Je contemple la neige qui se précipite en bourrasques sur l’arrière des voitures et qui va et vient sous les essuie-glaces non synchrones du bus. La neige sur les réverbères et les maisons victoriennes. Je suis absorbée par le spectacle, qui me procure un doux enchantement. Observer me permet de laisser libre cours à mes souvenirs, en particulier de penser à ma mère. Ma mère adoptive, celle qui m’a déçue et trahie : Pia.

Je suis allée vivre chez Pia et Henry McWilliams quand j’avais à peine 3 ans. Ils sont toujours restés vagues à propos de l’endroit d’où je venais. Évoquant des lieux comme « l’hôpital » et « l’agence ». J’ai toujours senti que certaines questions – à propos de mon ancienne vie ou de mes parents – étaient à éviter. Presque comme si les interroger pouvait mettre Pia en danger.

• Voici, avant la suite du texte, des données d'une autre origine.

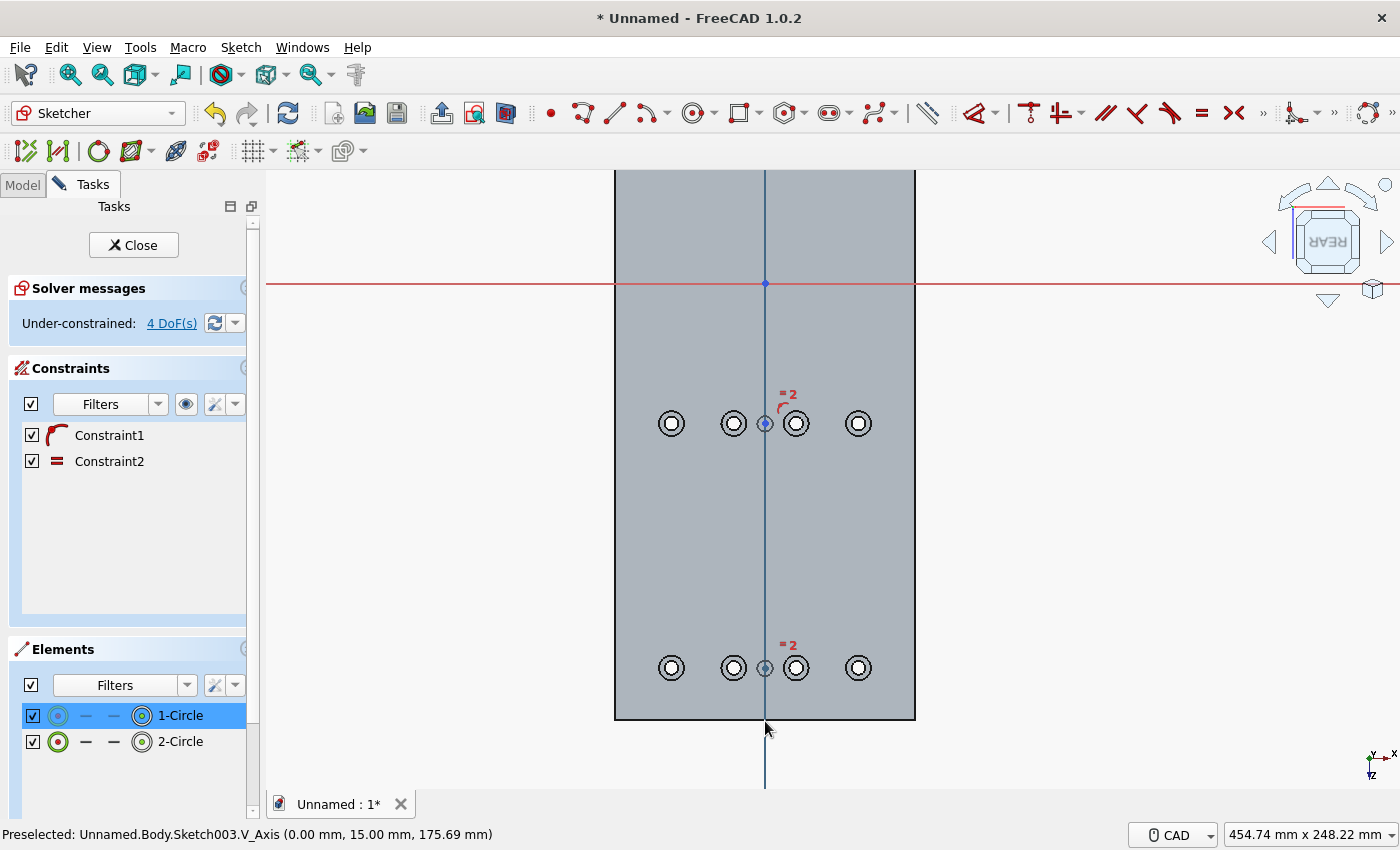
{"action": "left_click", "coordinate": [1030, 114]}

Pia ne me regardait jamais en face. Il semblait par moments qu’elle avait peur de me voir ou que c’était pour elle trop difficile à supporter. Elle avait un menton de poupée, des lèvres rondes, naturellement rouges sur une peau translucide. Elle s’autorisait à peine à manger, se privant au point qu’elle était mince comme une allumette, la poitrine si lourde que ses épaules étroites semblaient l’enserrer. Elle avait les bras perpétuellement croisés et serrés sur ses seins. Il était toujours surprenant et curieux de l’étreindre ; à mesure que je grandissais, quand je la prenais dans mes bras, j’avais l’impression de consoler un enfant. Je sentais dans son dos la rondeur de ses vertèbres, son cœur palpitant sous mes doigts. Elle insistait pour me serrer dans ses bras une fois par jour quand je rentrais de l’école, ce qui était bien assez pour nous deux ; puis elle se détournait, les doigts pressés contre son sternum, comme si je l’avais serrée un poil trop fort.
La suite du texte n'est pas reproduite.